TASK BRIEF: Copy each line of the following data that contains "Output".

INPUT RECORDS:
################

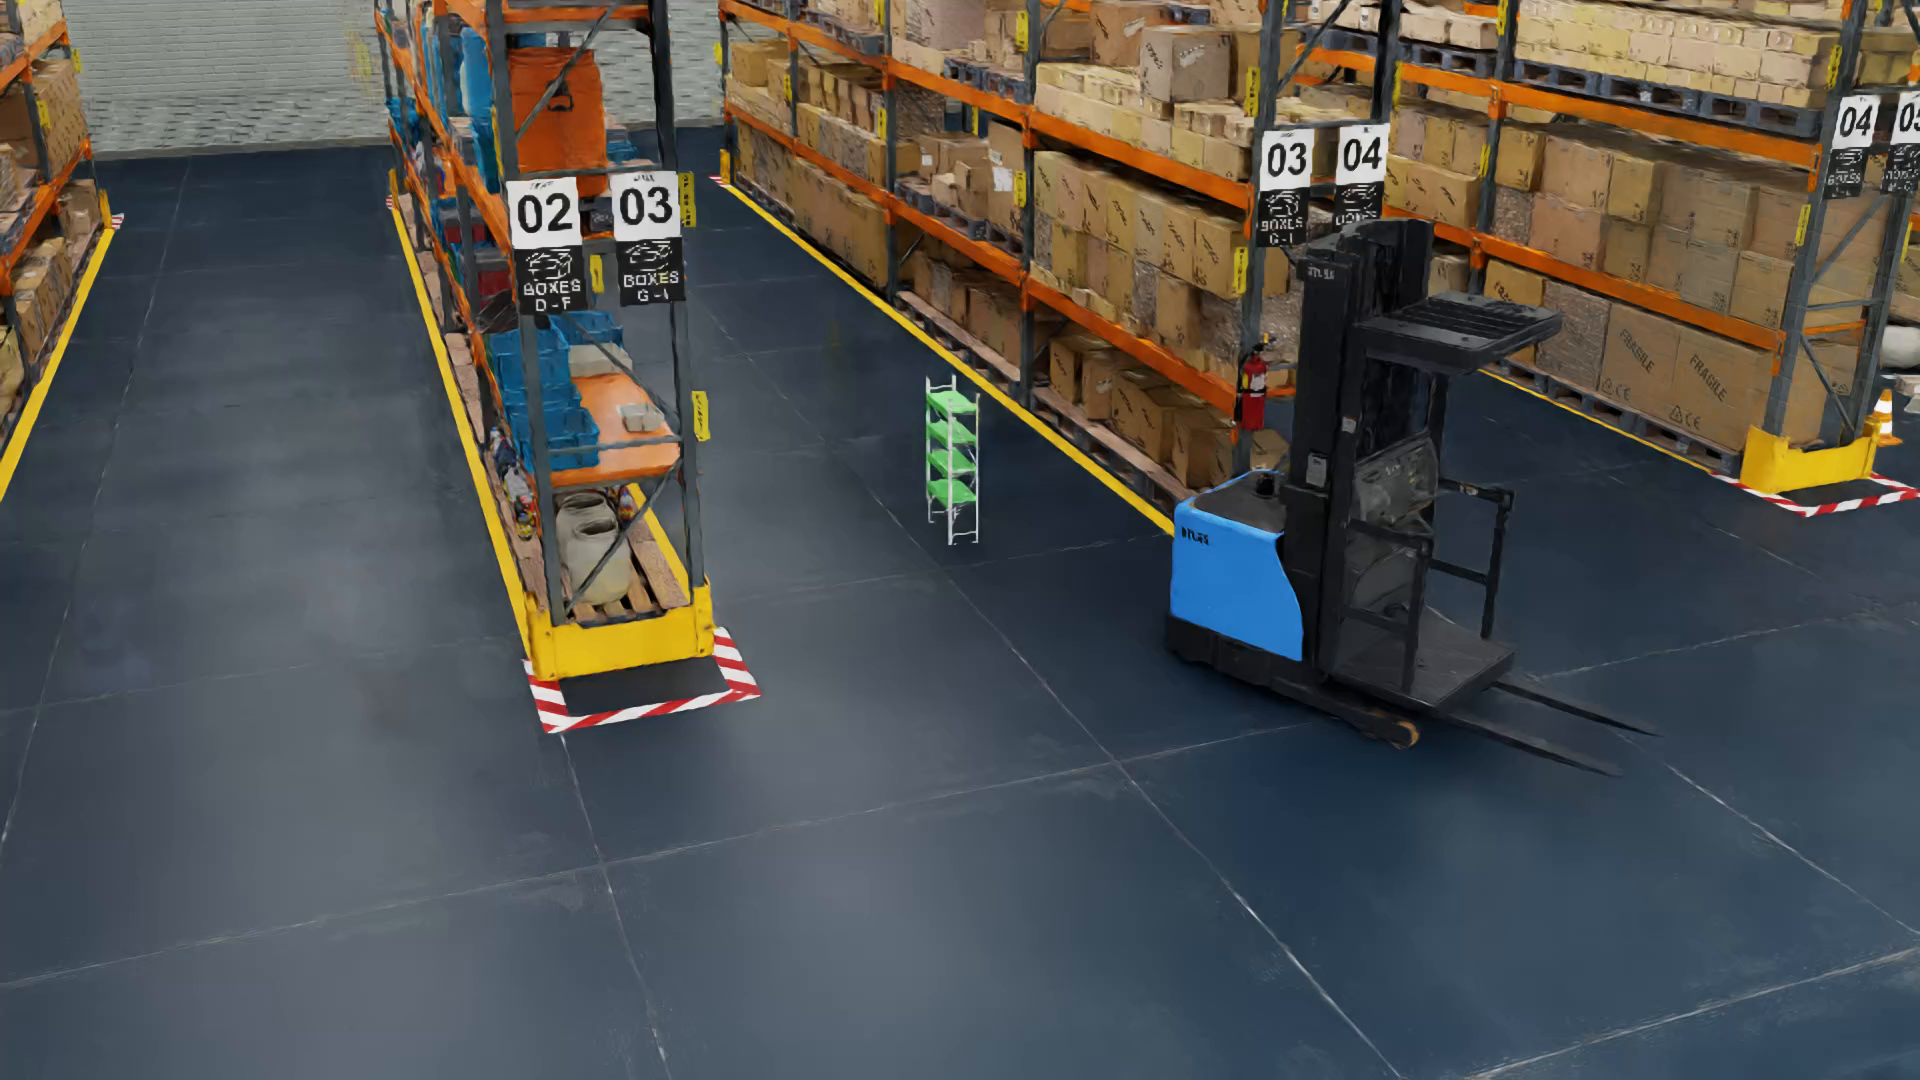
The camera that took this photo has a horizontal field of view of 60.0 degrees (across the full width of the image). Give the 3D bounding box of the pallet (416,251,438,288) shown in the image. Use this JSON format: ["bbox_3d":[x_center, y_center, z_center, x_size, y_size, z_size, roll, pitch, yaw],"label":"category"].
[{"bbox_3d":[-6.164,-3.371,20.601,1.003,0.211,1.213,-8,24,-19],"label":"pallet"}]

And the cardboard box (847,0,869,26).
[{"bbox_3d":[-1.021,-6.304,19.436,0.500,0.500,0.500,-7,24,-16],"label":"cardboard box"}]

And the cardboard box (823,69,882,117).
[{"bbox_3d":[-1.299,-5.648,20.993,0.797,0.503,0.637,-8,24,-18],"label":"cardboard box"}]

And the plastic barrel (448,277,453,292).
[{"bbox_3d":[-5.572,-3.157,19.066,0.600,0.588,0.708,-8,24,-19],"label":"plastic barrel"}]

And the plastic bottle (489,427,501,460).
[{"bbox_3d":[-3.869,-0.805,13.868,0.097,0.271,0.097,0,23,0],"label":"plastic bottle"}]

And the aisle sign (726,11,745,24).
[{"bbox_3d":[-3.483,-8.258,25.258,0.394,0.787,0.004,-8,24,-19],"label":"aisle sign"}]

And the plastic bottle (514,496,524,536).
[{"bbox_3d":[-3.276,-0.180,12.370,0.061,0.283,0.133,-8,24,-18],"label":"plastic bottle"}]

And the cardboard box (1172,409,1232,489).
[{"bbox_3d":[2.027,-0.745,13.457,0.500,0.500,0.500,-2,23,-5],"label":"cardboard box"}]

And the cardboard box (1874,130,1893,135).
[{"bbox_3d":[10.286,-4.529,17.958,0.700,0.500,0.500,-9,24,-20],"label":"cardboard box"}]

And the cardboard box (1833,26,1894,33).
[{"bbox_3d":[7.243,-4.035,13.351,0.380,0.149,0.250,-8,24,-19],"label":"cardboard box"}]

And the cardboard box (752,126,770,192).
[{"bbox_3d":[-2.554,-5.738,24.819,0.875,0.875,0.875,-8,24,-19],"label":"cardboard box"}]

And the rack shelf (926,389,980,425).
[{"bbox_3d":[-0.058,-0.996,12.622,0.258,0.148,0.480,-8,24,-19],"label":"rack shelf"}]

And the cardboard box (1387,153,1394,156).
[{"bbox_3d":[4.765,-4.109,18.633,0.500,0.500,0.500,-9,24,-20],"label":"cardboard box"}]

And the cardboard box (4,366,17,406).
[{"bbox_3d":[-9.020,-1.393,15.315,0.500,0.250,0.500,-9,24,-20],"label":"cardboard box"}]

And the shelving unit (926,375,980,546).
[{"bbox_3d":[-0.058,-0.613,12.783,0.258,1.200,0.503,-8,24,-19],"label":"shelving unit"}]

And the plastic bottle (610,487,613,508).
[{"bbox_3d":[-2.664,-0.390,12.884,0.097,0.271,0.097,0,23,0],"label":"plastic bottle"}]

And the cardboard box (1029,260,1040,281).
[{"bbox_3d":[0.857,-2.480,15.219,0.380,0.149,0.250,-8,24,-19],"label":"cardboard box"}]

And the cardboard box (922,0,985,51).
[{"bbox_3d":[-0.065,-5.255,16.844,0.500,0.500,0.500,-9,25,-21],"label":"cardboard box"}]

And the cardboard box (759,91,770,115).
[{"bbox_3d":[-2.531,-6.188,23.502,0.500,0.250,0.500,-8,24,-18],"label":"cardboard box"}]

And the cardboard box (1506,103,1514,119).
[{"bbox_3d":[7.934,-6.157,23.814,0.500,0.250,0.500,-9,24,-20],"label":"cardboard box"}]

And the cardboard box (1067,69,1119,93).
[{"bbox_3d":[1.123,-3.862,13.993,0.380,0.149,0.250,-8,24,-19],"label":"cardboard box"}]

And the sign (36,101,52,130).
[{"bbox_3d":[-10.515,-4.875,19.088,0.100,0.325,0.005,-8,24,-19],"label":"sign"}]

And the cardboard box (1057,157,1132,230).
[{"bbox_3d":[1.161,-2.979,14.281,0.500,0.500,0.500,-8,24,-19],"label":"cardboard box"}]

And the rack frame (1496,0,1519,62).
[{"bbox_3d":[5.738,-6.123,15.816,1.000,3.000,0.127,-8,24,-19],"label":"rack frame"}]

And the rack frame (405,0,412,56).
[{"bbox_3d":[-4.984,-6.254,16.124,1.000,3.000,0.127,-8,24,-19],"label":"rack frame"}]

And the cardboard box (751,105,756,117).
[{"bbox_3d":[-2.816,-6.227,24.108,0.380,0.149,0.250,-9,24,-20],"label":"cardboard box"}]

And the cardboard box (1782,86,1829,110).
[{"bbox_3d":[6.717,-3.486,13.074,0.380,0.149,0.250,-8,24,-19],"label":"cardboard box"}]

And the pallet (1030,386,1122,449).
[{"bbox_3d":[1.333,-1.191,15.428,1.003,0.211,1.213,-8,24,-19],"label":"pallet"}]

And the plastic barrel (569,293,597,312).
[{"bbox_3d":[-3.424,-2.449,14.176,0.600,0.901,0.708,-8,24,-19],"label":"plastic barrel"}]

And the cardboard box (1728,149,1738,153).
[{"bbox_3d":[9.549,-4.784,20.145,0.380,0.149,0.250,-9,25,-21],"label":"cardboard box"}]

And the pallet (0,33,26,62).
[{"bbox_3d":[-10.868,-5.313,17.997,1.213,0.211,1.003,-8,24,-19],"label":"pallet"}]

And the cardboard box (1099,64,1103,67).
[{"bbox_3d":[1.447,-4.134,14.637,0.380,0.149,0.250,-8,24,-17],"label":"cardboard box"}]

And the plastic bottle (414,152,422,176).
[{"bbox_3d":[-6.446,-4.484,19.815,0.097,0.271,0.097,0,23,0],"label":"plastic bottle"}]

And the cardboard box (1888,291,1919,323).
[{"bbox_3d":[10.488,-2.558,18.079,0.500,0.250,0.500,-7,24,-16],"label":"cardboard box"}]

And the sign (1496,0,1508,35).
[{"bbox_3d":[5.234,-5.047,16.052,0.100,0.325,0.005,-8,24,-19],"label":"sign"}]

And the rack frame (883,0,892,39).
[{"bbox_3d":[-0.351,-6.933,17.737,1.000,3.000,0.127,-8,24,-19],"label":"rack frame"}]

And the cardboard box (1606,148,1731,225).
[{"bbox_3d":[6.396,-3.197,15.012,0.875,0.550,0.500,-8,24,-19],"label":"cardboard box"}]

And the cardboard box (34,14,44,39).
[{"bbox_3d":[-11.321,-6.152,19.939,0.500,0.250,0.500,-8,24,-19],"label":"cardboard box"}]

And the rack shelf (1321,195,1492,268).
[{"bbox_3d":[5.032,-3.754,18.845,1.077,0.370,4.000,-8,24,-19],"label":"rack shelf"}]

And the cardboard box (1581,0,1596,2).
[{"bbox_3d":[6.166,-5.143,15.980,0.380,0.149,0.250,-9,24,-19],"label":"cardboard box"}]

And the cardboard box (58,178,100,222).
[{"bbox_3d":[-12.023,-4.605,22.588,0.500,0.500,0.500,-8,24,-19],"label":"cardboard box"}]

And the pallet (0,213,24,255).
[{"bbox_3d":[-9.925,-2.959,16.279,1.213,0.211,1.003,-8,24,-19],"label":"pallet"}]

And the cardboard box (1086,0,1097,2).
[{"bbox_3d":[2.141,-8.088,24.531,0.500,0.250,0.500,-9,24,-20],"label":"cardboard box"}]

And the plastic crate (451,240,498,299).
[{"bbox_3d":[-4.252,-2.386,14.694,0.392,0.384,0.575,-8,24,-19],"label":"plastic crate"}]

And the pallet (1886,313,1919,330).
[{"bbox_3d":[10.604,-2.551,18.654,1.003,0.211,1.213,-8,24,-19],"label":"pallet"}]

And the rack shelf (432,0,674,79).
[{"bbox_3d":[-2.865,-3.558,11.169,1.077,0.370,4.000,-8,24,-19],"label":"rack shelf"}]

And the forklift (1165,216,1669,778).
[{"bbox_3d":[2.780,-0.331,9.886,3.031,2.935,1.130,20,30,39],"label":"forklift"}]

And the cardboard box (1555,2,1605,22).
[{"bbox_3d":[5.729,-4.869,15.329,0.380,0.149,0.250,-9,24,-19],"label":"cardboard box"}]

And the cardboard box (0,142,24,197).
[{"bbox_3d":[-10.351,-3.870,17.525,0.700,0.500,0.500,-15,27,-32],"label":"cardboard box"}]

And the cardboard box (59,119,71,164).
[{"bbox_3d":[-11.316,-4.901,20.510,0.500,0.500,0.500,-8,24,-19],"label":"cardboard box"}]

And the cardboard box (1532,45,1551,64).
[{"bbox_3d":[5.642,-4.592,15.699,0.380,0.149,0.250,-8,24,-19],"label":"cardboard box"}]

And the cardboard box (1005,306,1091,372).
[{"bbox_3d":[0.866,-1.992,16.390,0.700,0.500,0.500,-10,25,-23],"label":"cardboard box"}]

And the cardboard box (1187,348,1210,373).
[{"bbox_3d":[1.957,-1.396,12.647,0.380,0.149,0.250,-8,24,-19],"label":"cardboard box"}]

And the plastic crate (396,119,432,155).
[{"bbox_3d":[-6.881,-5.086,21.021,0.392,0.384,0.575,-8,24,-19],"label":"plastic crate"}]

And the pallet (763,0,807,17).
[{"bbox_3d":[-2.043,-7.262,22.494,1.003,0.211,1.213,-8,24,-19],"label":"pallet"}]

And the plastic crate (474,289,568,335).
[{"bbox_3d":[-3.505,-1.799,13.361,0.767,0.338,0.504,-8,24,-19],"label":"plastic crate"}]

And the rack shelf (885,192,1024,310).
[{"bbox_3d":[0.356,-3.110,17.317,1.077,0.370,4.000,-8,24,-19],"label":"rack shelf"}]
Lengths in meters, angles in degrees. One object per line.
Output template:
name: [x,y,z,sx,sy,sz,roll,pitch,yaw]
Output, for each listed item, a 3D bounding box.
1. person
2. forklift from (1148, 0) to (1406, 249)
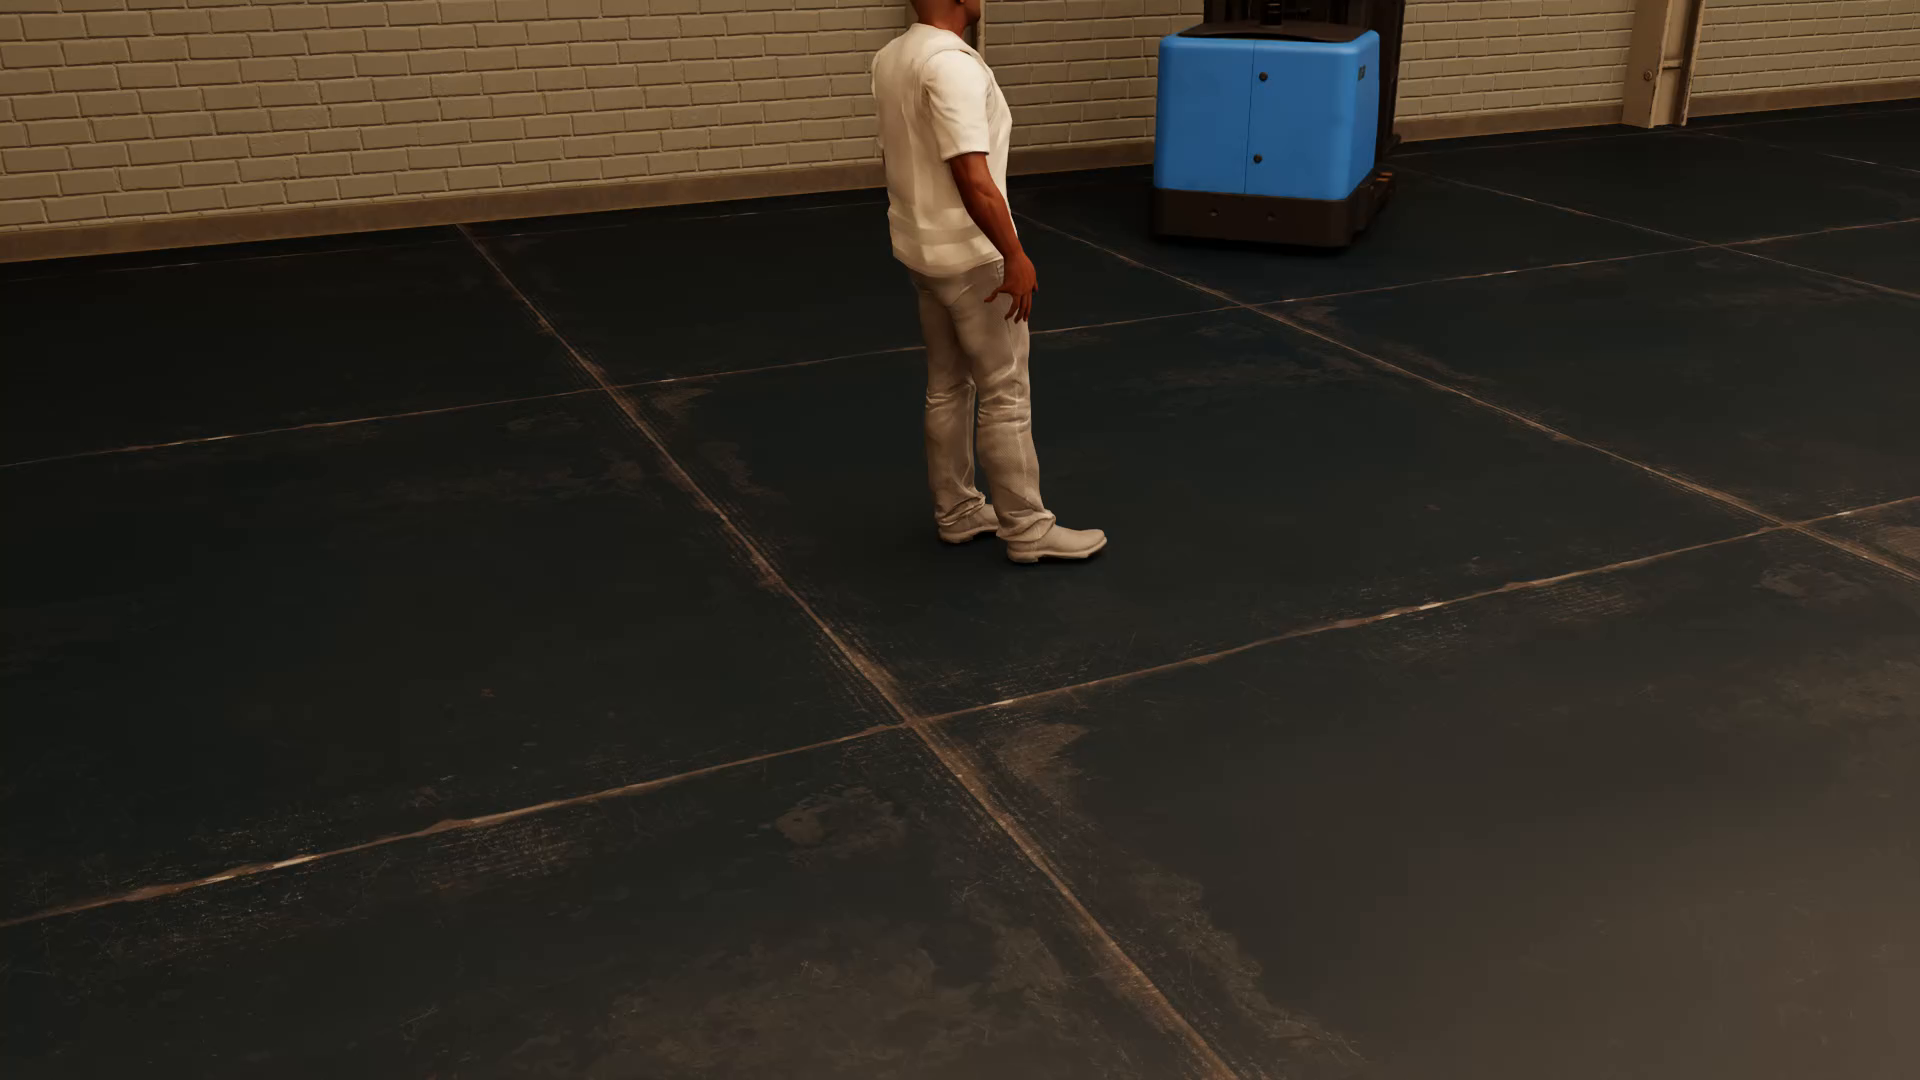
person: [0.066,-0.832,4.789,0.575,1.768,0.666,-10,25,-23]
forklift: [2.007,-3.392,9.451,1.130,2.935,3.031,8,24,19]

################

TASK RESULT:
Output template:
Output, for each listed item, a 3D bounding box.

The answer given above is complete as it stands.